Some New Results on Binary Relations

It is well known that if a function from set A to set B has a right inverse then the function is a surjection and the right inverse is an injection. For finite sets, the number of functions, injections, and surjections can also be counted. Relations generalize functions: do similar results exist for relations? This paper proves several new results concerning binary relations. For finite sets, we derive formulas for the number of right total, right unique, left total, and left unique relations. We also provide formulas that count the number of relations that are both right unique and left unique; right unique and right total; and left unique and left total. We conclude by discussing the probability that a relation selected at random is right unique or right total.

💡 Research Summary

The paper begins by recalling the well‑known fact that a function f : A → B that possesses a right inverse must be surjective, and that the right inverse is injective. It then observes that a function is simply a binary relation that satisfies two specific properties: right‑uniqueness (each element of B is related to at most one element of A) and left‑totality (every element of A is related to some element of B). Motivated by this observation, the authors set out to investigate whether analogous counting results can be obtained for arbitrary binary relations, which are far less constrained than functions.

Four elementary properties of a binary relation R ⊆ A × B are defined:

Right‑total (RT): for every b ∈ B there exists at least one a ∈ A with (a,b) ∈ R.
Right‑unique (RU): for every b ∈ B there is at most one a ∈ A with (a,b) ∈ R.
Left‑total (LT): for every a ∈ A there exists at least one b ∈ B with (a,b) ∈ R.
Left‑unique (LU): for every a ∈ A there is at most one b ∈ B with (a,b) ∈ R.

Assuming finite sets |A| = m and |B| = n, the total number of possible relations is 2^{mn}. The authors then derive closed‑form formulas for the number of relations possessing each individual property:

RT: each column of the m × n incidence matrix must be a non‑zero binary vector, giving (2^{m} − 1)^{n} possibilities.
RU: each column may be the all‑zero vector or a unit vector, yielding (1 + m)^{n} possibilities.
LT and LU are obtained by symmetry, namely (2^{n} − 1)^{m} and (1 + n)^{m}, respectively.

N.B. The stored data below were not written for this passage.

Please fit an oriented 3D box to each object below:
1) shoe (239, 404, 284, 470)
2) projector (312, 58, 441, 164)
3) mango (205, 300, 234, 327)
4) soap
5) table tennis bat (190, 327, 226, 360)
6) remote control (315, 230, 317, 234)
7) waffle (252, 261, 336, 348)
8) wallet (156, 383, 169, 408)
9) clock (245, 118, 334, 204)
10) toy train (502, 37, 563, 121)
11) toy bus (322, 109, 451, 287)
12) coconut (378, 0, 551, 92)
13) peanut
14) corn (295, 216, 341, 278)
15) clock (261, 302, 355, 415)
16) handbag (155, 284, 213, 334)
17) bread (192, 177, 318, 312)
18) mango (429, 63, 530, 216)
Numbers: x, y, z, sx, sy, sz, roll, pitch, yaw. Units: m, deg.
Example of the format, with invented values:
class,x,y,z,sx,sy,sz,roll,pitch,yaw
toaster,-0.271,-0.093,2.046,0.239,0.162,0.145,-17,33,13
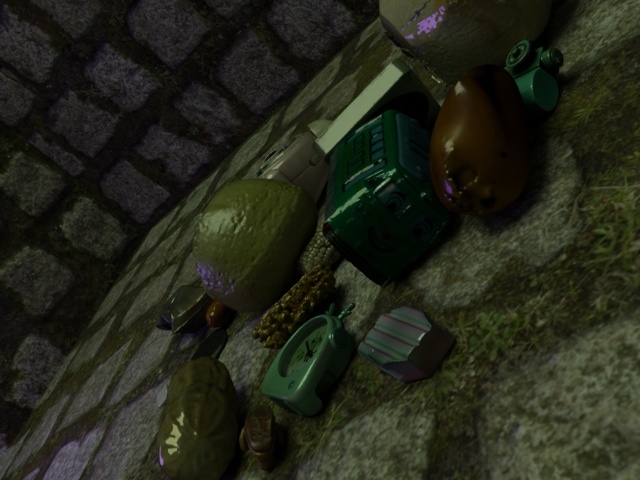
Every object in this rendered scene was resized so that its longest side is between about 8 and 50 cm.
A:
class,x,y,z,sx,sy,sz,roll,pitch,yaw
shoe,-0.099,0.327,1.155,0.072,0.069,0.109,-16,24,-18
projector,0.137,-0.242,1.527,0.259,0.079,0.257,-46,-25,11
mango,-0.255,0.178,1.815,0.077,0.063,0.127,-38,16,45
soap,0.125,0.149,1.009,0.100,0.056,0.149,-55,18,-9
table tennis bat,-0.277,0.288,1.714,0.138,0.022,0.246,-50,17,-2
remote control,0.000,0.000,1.649,0.053,0.018,0.124,-55,19,-13
waffle,-0.047,0.127,1.359,0.197,0.070,0.193,-47,0,28
wallet,-0.408,0.403,1.801,0.044,0.011,0.083,-50,18,-2
clock,-0.086,-0.177,1.957,0.342,0.184,0.325,-20,30,47
toy train,0.337,-0.260,1.285,0.248,0.101,0.159,-24,44,54
toy bus,0.130,-0.097,1.290,0.199,0.183,0.343,-39,22,24
coconut,0.308,-0.520,1.464,0.346,0.346,0.360,-59,13,-26
peanut,-0.226,0.329,1.316,0.152,0.152,0.313,-45,17,12
corn,0.015,0.006,1.500,0.211,0.087,0.087,-50,18,-7
clock,-0.007,0.197,1.203,0.211,0.066,0.159,-55,19,-18
handbag,-0.383,0.201,1.978,0.182,0.117,0.270,-42,14,-23
bread,-0.140,0.007,1.592,0.320,0.237,0.320,21,-90,-74
mango,0.255,-0.160,1.122,0.153,0.201,0.287,-14,46,28

The paper proceeds to count relations that satisfy pairs of properties. Using inclusion‑exclusion and direct combinatorial constructions, the following results are obtained:

RU ∧ LU (both sides unique) – these are precisely the partial bijections (matchings) between A and B. The number is
Σ_{k=0}^{min(m,n)} C(m,k)·C(n,k)·k! ,
where k is the size of the matching.
RU ∧ RT (right‑unique and right‑total) – each b must be related to exactly one a, which is equivalent to a function B → A. Hence the count is m^{n}.
LU ∧ LT (left‑unique and left‑total) – dually, the count is n^{m}.
RT ∧ LT (both sides total) – the authors give an inclusion‑exclusion expression that counts relations where every row and every column contains at least one 1. Although the formula is more involved, upper and lower bounds are provided to illustrate its growth.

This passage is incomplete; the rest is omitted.